Maternal experience-induced behavioral changes in TRAP2;Ai14 mice

Maternal behaviors were quantified in pup exposed TRAP2;Ai14 virgins on exposure days 1, 2, 3, and 6. Nearly all mice retrieved all pups presented on each day (Fig. 4A). A one-way repeated measures ANOVA revealed a significant main effect of day on latency to retrieve the first pup [F(1.371, 10.97)=3.407, p=0.0832, η2=0.408]. The effect of day on latency to retrieve the last pup was marginally significant [F(2.142,17.14)=6.78, p=0.057, η2=0.261). Post-hoc analyses showed that mice were significantly faster to initiate (p=0.0079, d=1.62) and complete (p=0.0046, d=1.61) pup retrieval on the last compared to the first day of testing (Fig. 4BC). TRAP2;Ai14 mice spent more time in nursing postures [F(2.307, 18.46)=7.591, p=0.029, η2=0.295, Fig. 4D] and sniffing/licking [F(2.250,18)=15.03, p<0.0001, η2=0.423, Fig. 4E] on the last test day compared to the first (p=0.0132, d= −1.55; p=0.012, d= −2.04, respectively). Nestbuilding behavior also significantly varied by day [F(1.943,15.54)=4.159, p=0.0367, η2=0.233, Fig. 4F).

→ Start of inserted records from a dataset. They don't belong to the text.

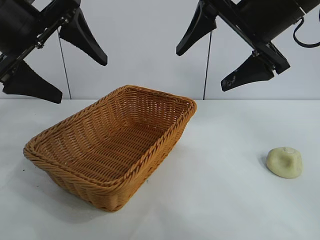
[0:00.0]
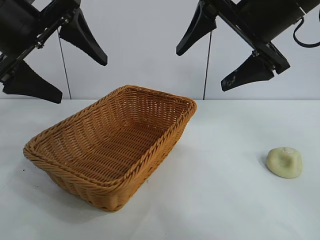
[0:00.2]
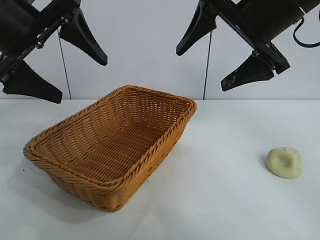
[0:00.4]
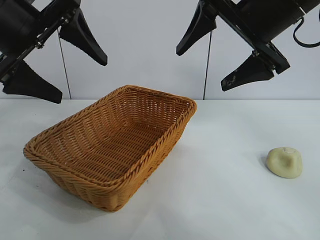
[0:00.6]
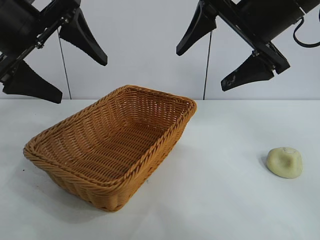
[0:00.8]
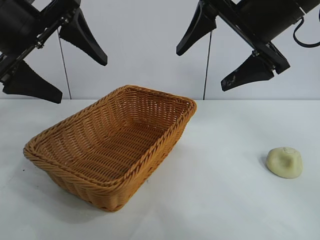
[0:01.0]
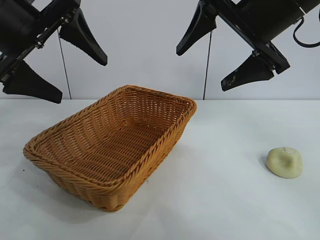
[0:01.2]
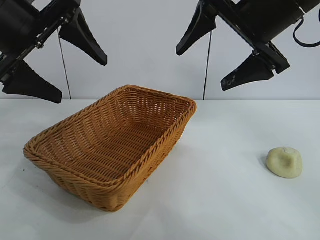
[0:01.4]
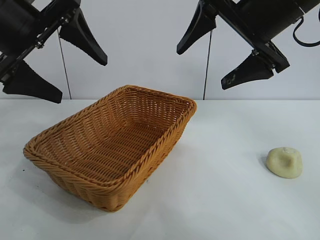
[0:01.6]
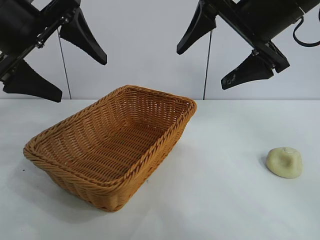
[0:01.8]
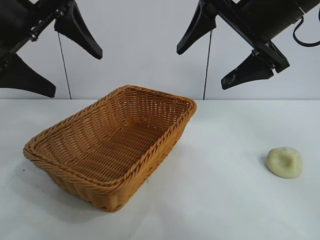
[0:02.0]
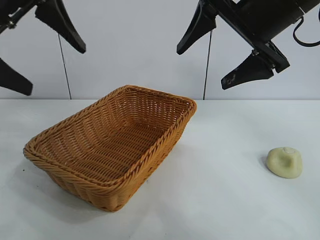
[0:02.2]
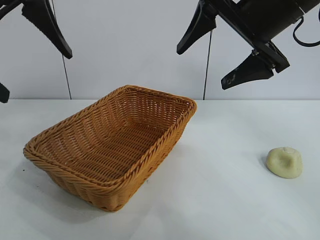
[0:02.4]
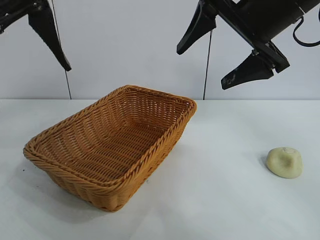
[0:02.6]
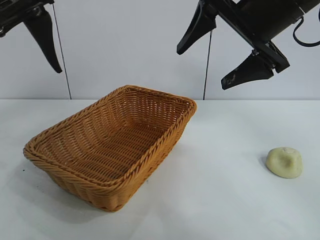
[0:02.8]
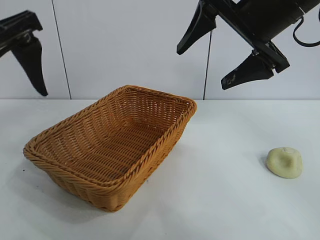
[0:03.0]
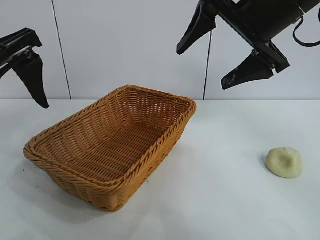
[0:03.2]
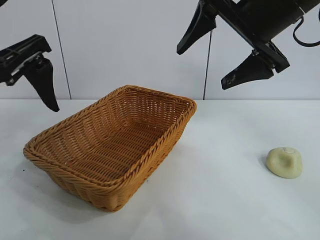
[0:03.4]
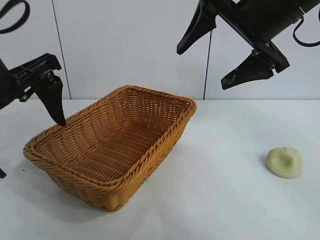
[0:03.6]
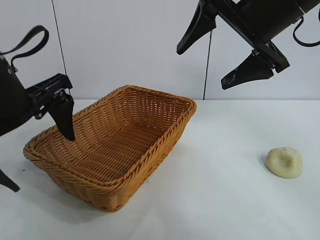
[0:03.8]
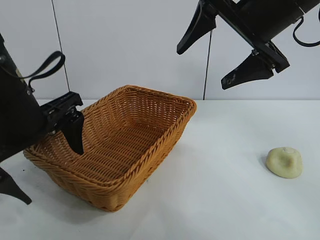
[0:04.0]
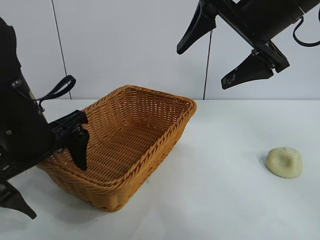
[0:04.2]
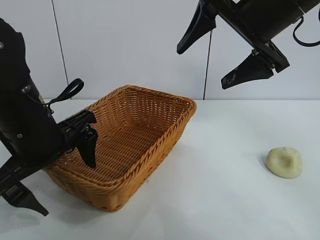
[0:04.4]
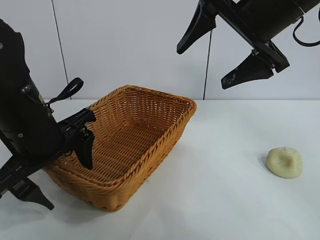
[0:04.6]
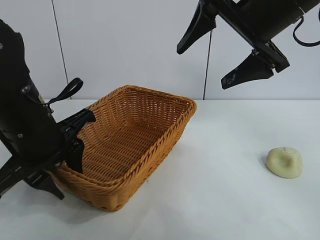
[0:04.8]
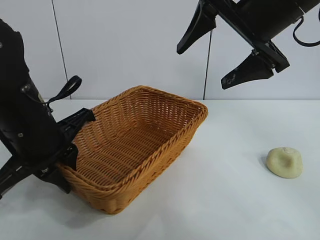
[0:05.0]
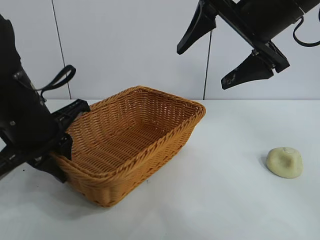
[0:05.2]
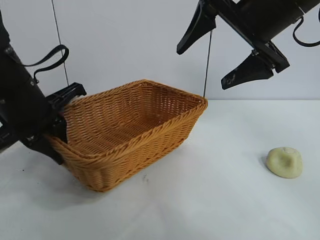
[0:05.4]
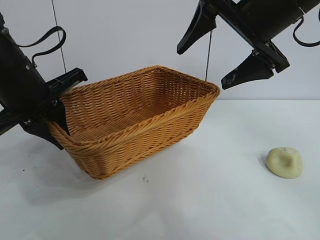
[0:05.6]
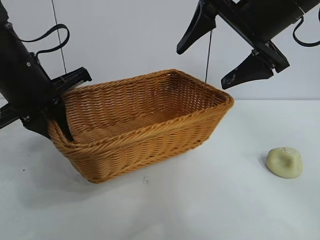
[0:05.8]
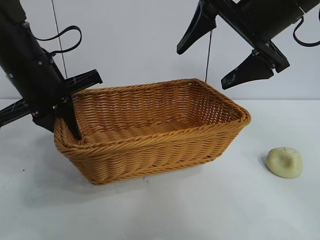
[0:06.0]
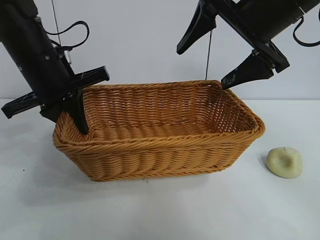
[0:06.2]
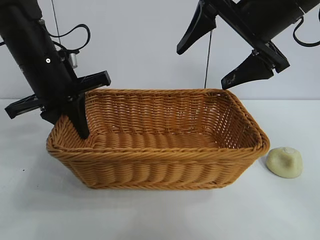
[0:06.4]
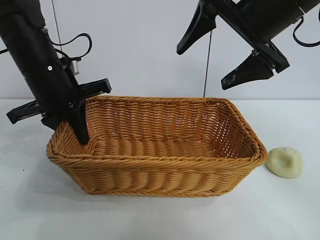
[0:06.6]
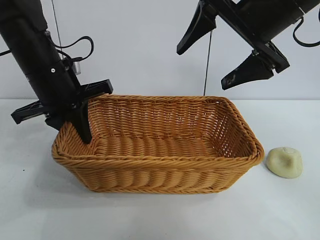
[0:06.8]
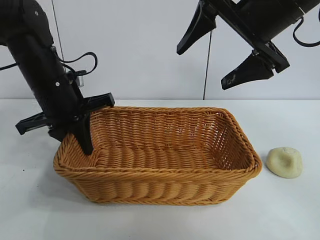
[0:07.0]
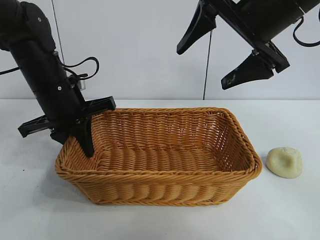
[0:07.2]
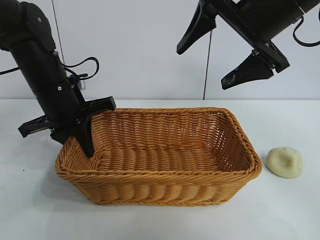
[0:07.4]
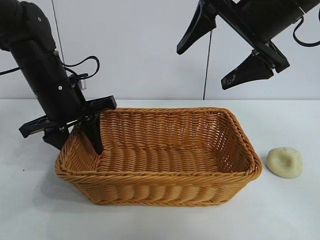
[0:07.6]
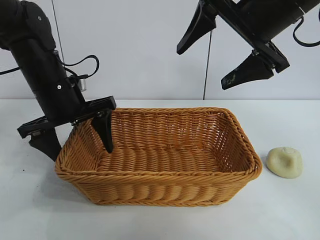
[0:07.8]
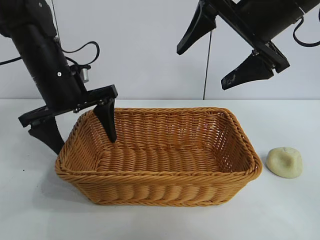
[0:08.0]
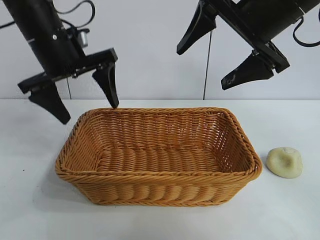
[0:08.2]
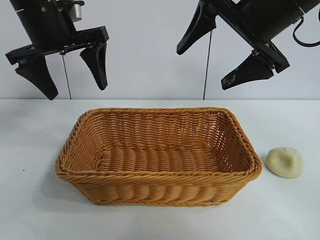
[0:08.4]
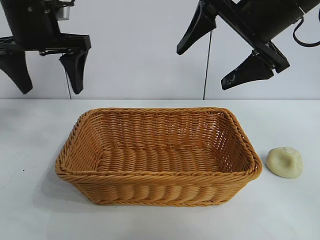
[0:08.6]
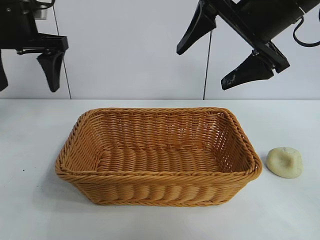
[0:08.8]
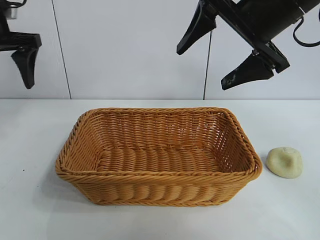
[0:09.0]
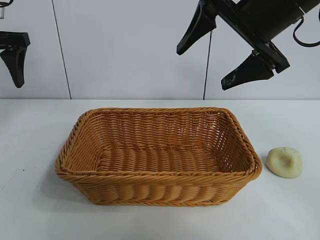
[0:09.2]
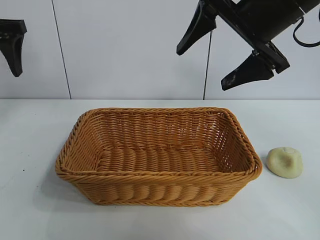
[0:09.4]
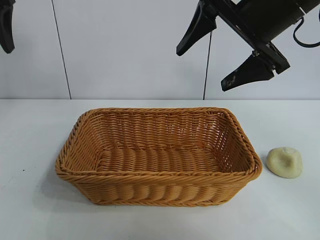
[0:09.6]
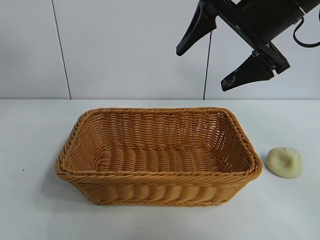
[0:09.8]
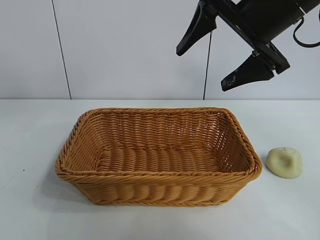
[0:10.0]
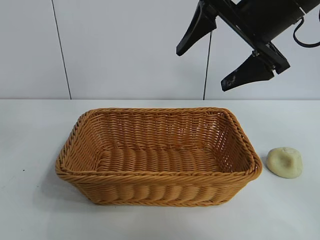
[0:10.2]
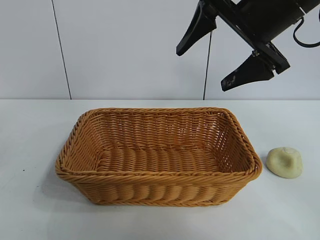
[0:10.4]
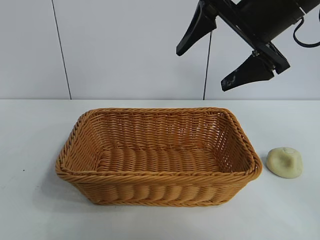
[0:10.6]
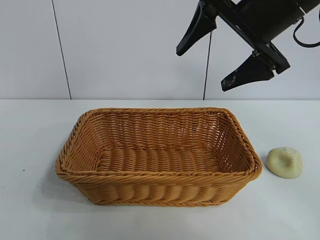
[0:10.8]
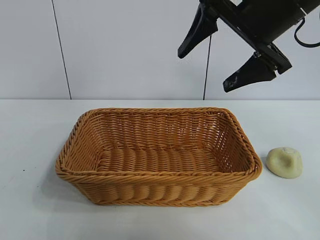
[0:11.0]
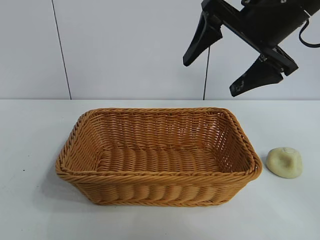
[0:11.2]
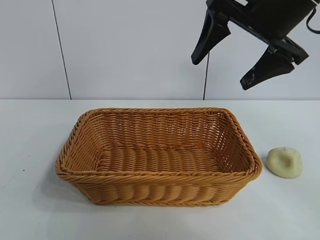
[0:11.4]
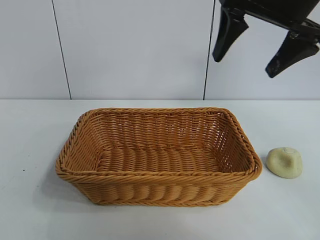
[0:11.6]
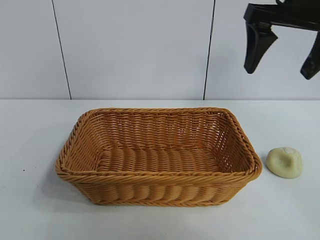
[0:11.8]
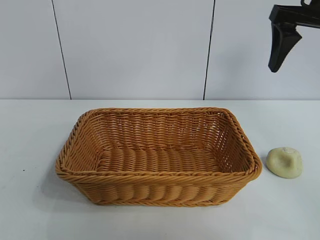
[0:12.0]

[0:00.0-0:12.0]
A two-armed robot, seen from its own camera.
Task of the whole recording: pick up the egg yolk pastry and put it into the basket.
Step, 0:01.4 to 0:04.8: Grasp the basket with left gripper.
Step, 0:05.0 to 0:07.6: Place the basket in the center of view with left gripper.

However, there were no significant differences between test days 1 and 6 (p=0.1346, d= 0.76). There was a marginally significant difference in the amount of time spent in tactile contact with pups across test day [F(1.983,15.87)=3.45, p=0.0570, η2=0.184, Fig. 4G), however no statistically significant difference was detected between test days 1 and 6 (p=0.112, d= −0.90).

Figure 4. Maternal experience-dependent changes in behavior.

Figure 4.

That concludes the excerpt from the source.